Hi @billi,

I understand that you want to understand the "level of error" from assuming that data have a normal distribution when they really come from a non-normal distribution. Is that correct? That is an interesting question.

Can I ask why you want to do that? Do you have a real situation where you need to do this that you can tell us about?

I am not sure how the data were generated in your example - maybe this is from a real process? But your Compare Distributions analysis suggests that the log-normal distribution might be the best distribution.

Having said that, the Gamma and Normal distributions have a similar AICc. AICc is a measure of goodness-of-fit and we generally say that a difference in AICc of less than 2 is not significant.

So that would suggest that, in this case, that the "level of error" in location/scale/central tendency and dispersion/shape/variance will be small from assuming a normal distribution if the distribution is really log-normal. You can see this from the fitted distributions on the plot - they are almost indistinguishable (especially as they are a similar colour!).
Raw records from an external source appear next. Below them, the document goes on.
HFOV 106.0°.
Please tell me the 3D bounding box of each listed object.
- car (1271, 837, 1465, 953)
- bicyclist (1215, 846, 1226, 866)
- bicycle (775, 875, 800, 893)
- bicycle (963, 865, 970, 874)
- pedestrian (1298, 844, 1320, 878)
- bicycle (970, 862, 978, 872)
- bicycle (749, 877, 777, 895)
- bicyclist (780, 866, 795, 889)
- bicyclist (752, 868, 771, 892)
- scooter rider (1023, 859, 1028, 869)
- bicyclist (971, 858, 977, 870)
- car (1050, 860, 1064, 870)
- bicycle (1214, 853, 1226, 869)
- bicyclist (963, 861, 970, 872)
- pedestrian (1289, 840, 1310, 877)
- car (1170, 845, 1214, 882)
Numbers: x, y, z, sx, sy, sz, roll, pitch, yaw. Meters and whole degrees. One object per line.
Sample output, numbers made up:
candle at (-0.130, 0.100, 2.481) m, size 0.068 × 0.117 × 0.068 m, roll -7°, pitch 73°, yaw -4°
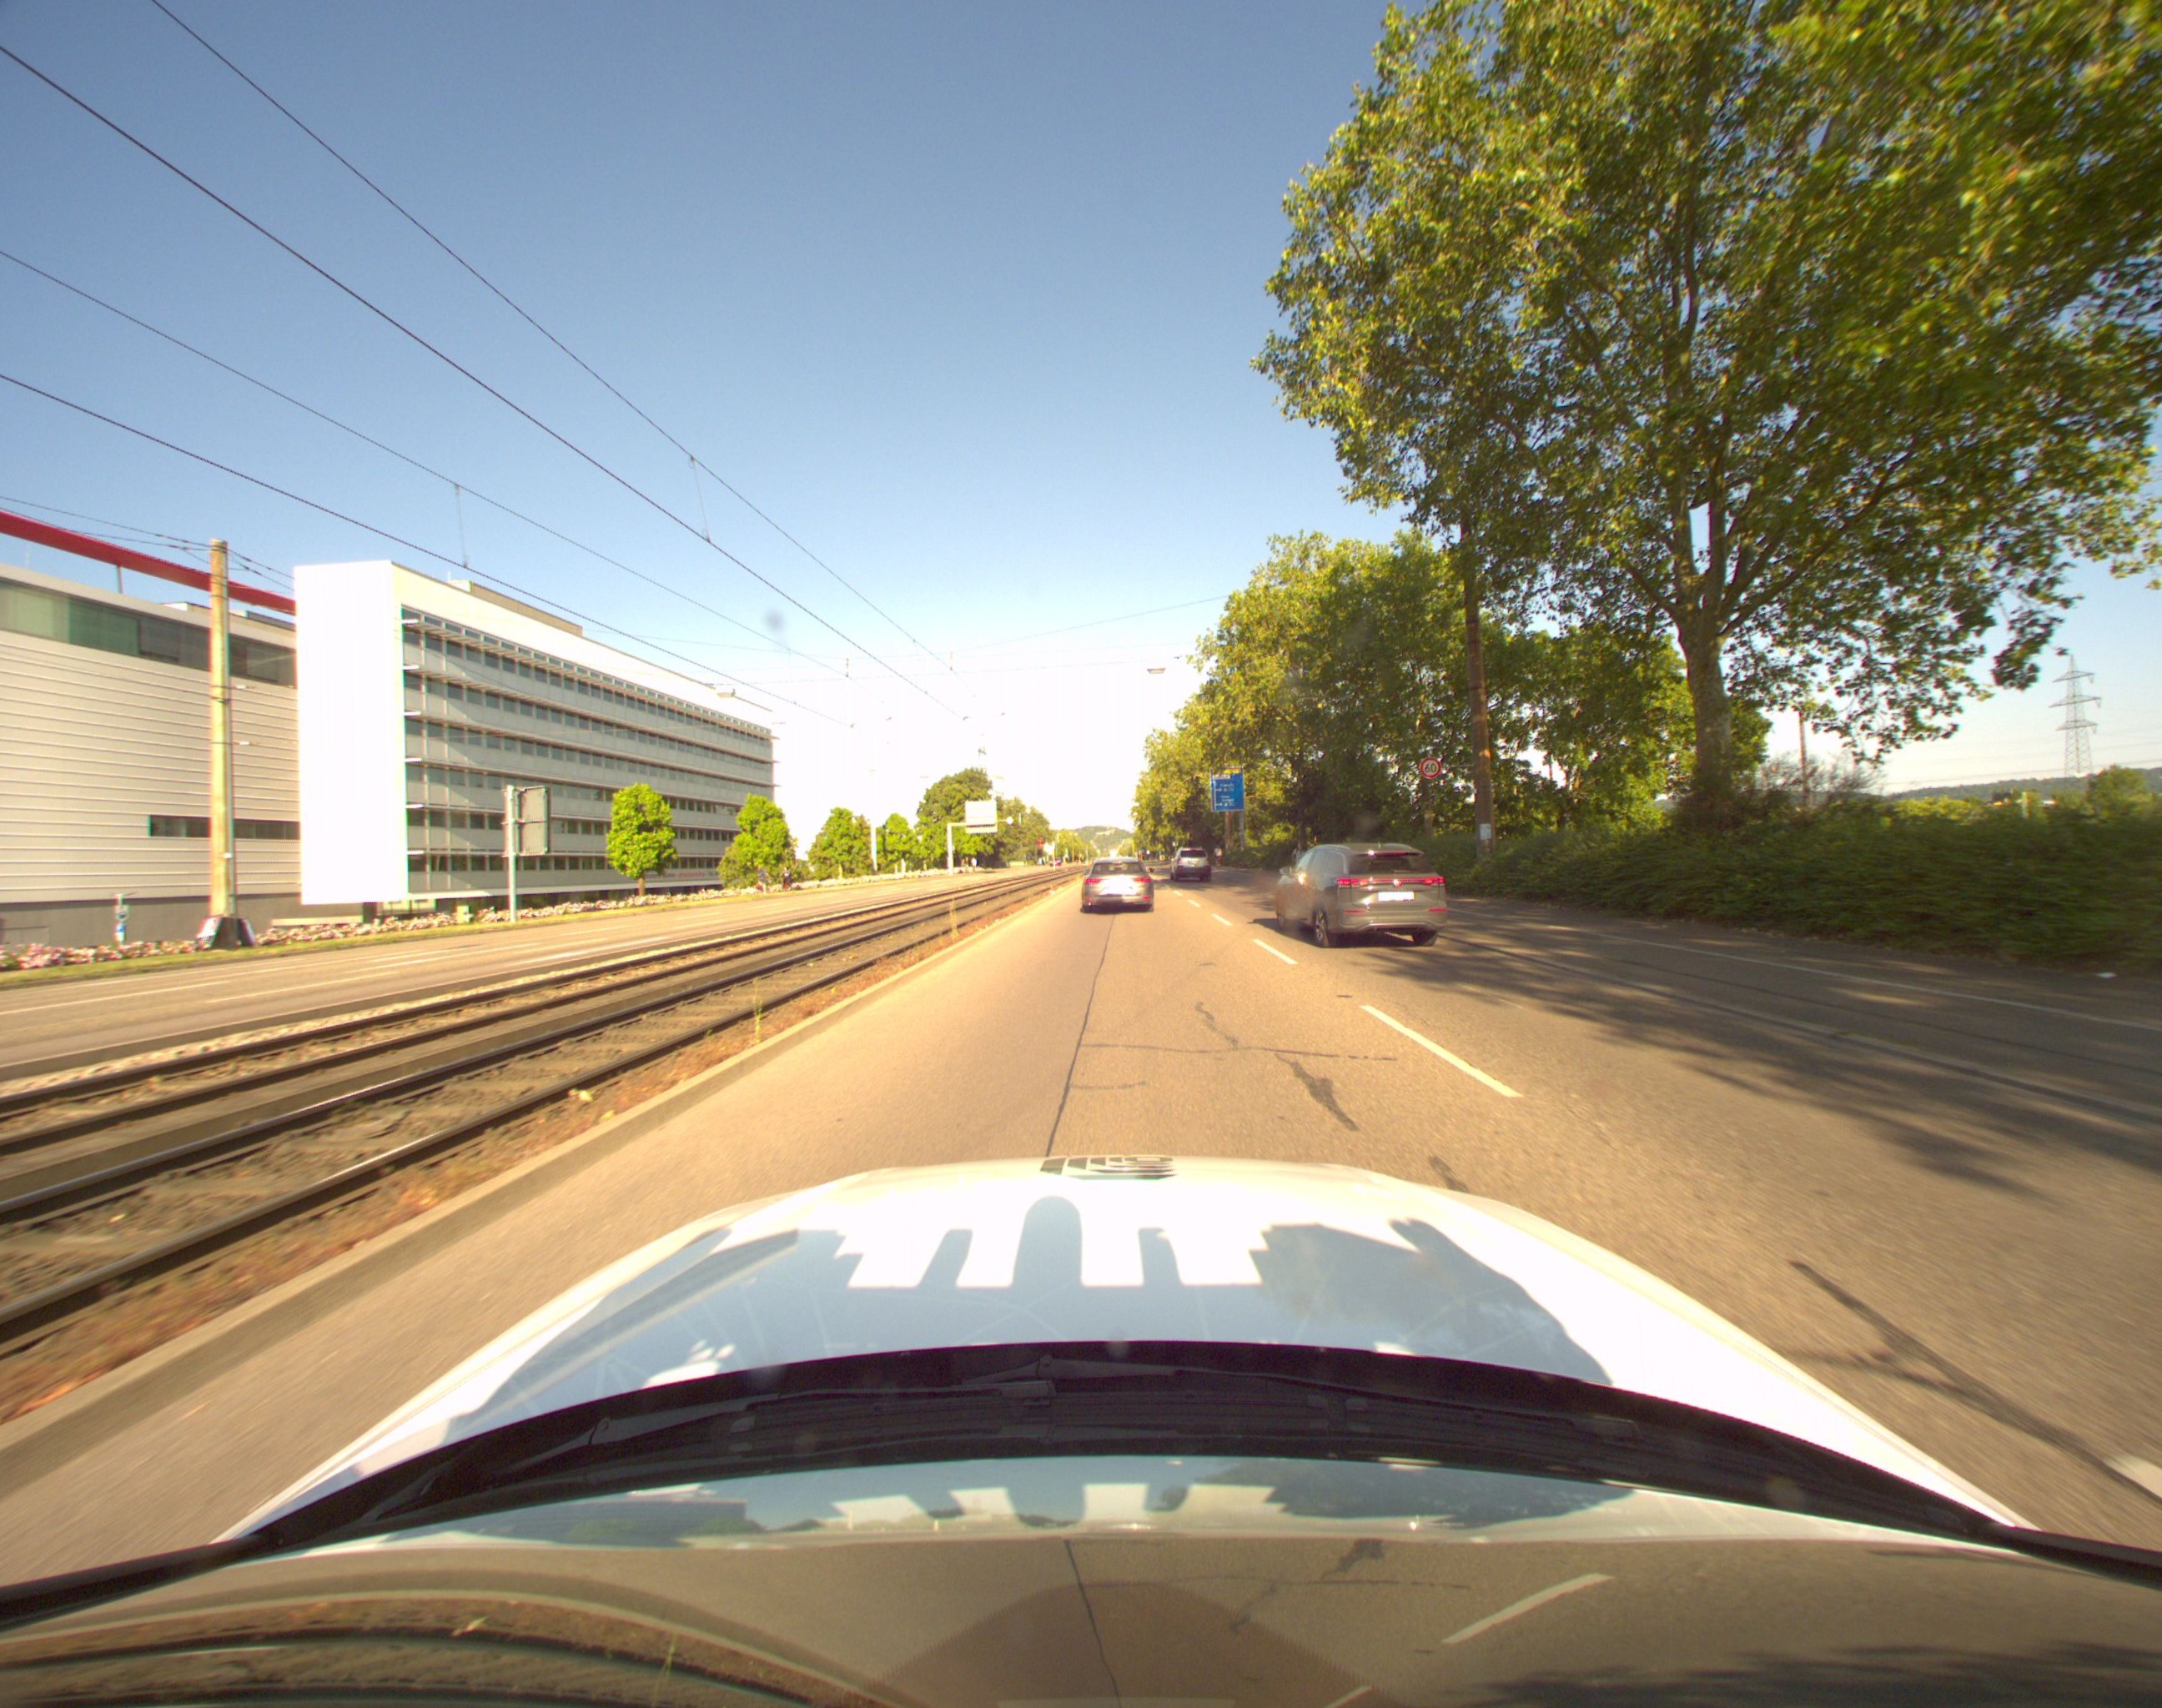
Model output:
car at (4.681, 0.580, 14.033) m, size 1.838 × 1.661 × 4.440 m, roll -1°, pitch 0°, yaw 1°
bicyclist at (10.247, 0.144, 59.918) m, size 0.683 × 1.509 × 0.891 m, roll -2°, pitch 0°, yaw 3°
bicycle at (-20.912, 2.121, 58.096) m, size 0.656 × 1.150 × 2.029 m, roll 0°, pitch 0°, yaw 13°
bicycle at (-14.443, 1.980, 102.786) m, size 0.622 × 1.058 × 1.705 m, roll 0°, pitch 0°, yaw 3°
pedestrian at (10.274, 0.327, 36.666) m, size 0.720 × 1.480 × 0.722 m, roll -3°, pitch 0°, yaw 2°
bicycle at (-14.208, 1.704, 108.246) m, size 0.599 × 1.219 × 1.751 m, roll 0°, pitch 0°, yaw 6°
bicycle at (-20.058, 2.011, 51.375) m, size 0.700 × 1.073 × 2.033 m, roll 0°, pitch 0°, yaw 10°
bicyclist at (-20.925, 1.687, 58.040) m, size 0.656 × 1.623 × 0.804 m, roll 0°, pitch 0°, yaw 12°
bicyclist at (-20.090, 1.625, 51.221) m, size 0.700 × 1.512 × 0.973 m, roll 0°, pitch 0°, yaw 10°
scooter rider at (-10.802, 1.970, 157.949) m, size 0.678 × 1.848 × 1.004 m, roll -3°, pitch -1°, yaw 10°
bicyclist at (-14.210, 1.312, 108.217) m, size 0.599 × 1.659 × 0.965 m, roll 0°, pitch 0°, yaw 6°
car at (-4.312, 1.973, 146.760) m, size 2.031 × 1.503 × 4.892 m, roll -2°, pitch 0°, yaw 4°
bicycle at (10.259, 0.538, 60.020) m, size 0.619 × 1.120 × 1.814 m, roll -3°, pitch 0°, yaw 3°
bicyclist at (-14.433, 1.618, 102.789) m, size 0.622 × 1.374 × 0.881 m, roll 0°, pitch 0°, yaw 3°
pedestrian at (10.258, 0.200, 38.311) m, size 0.719 × 1.707 × 0.813 m, roll -3°, pitch 0°, yaw 2°
car at (5.646, 0.452, 41.930) m, size 1.876 × 1.795 × 4.003 m, roll 0°, pitch 0°, yaw 2°

Does that help? Do you have a particular way that you might want to quantify "level of error"? How do you know what is the "correct" distribution in order to then look at the error from assuming an "incorrect" normal distribution?

Phil

Another idea that you might find useful is the Quantile Profiler from the red triangle menu for each fitted distribution. You can use these to compare quantiles. Below you can see the median (Probability = 0.5) and the 10th percentile (Probability = 0.1) estimate for each distribution. Again, this is showing negligible differences between the distributions.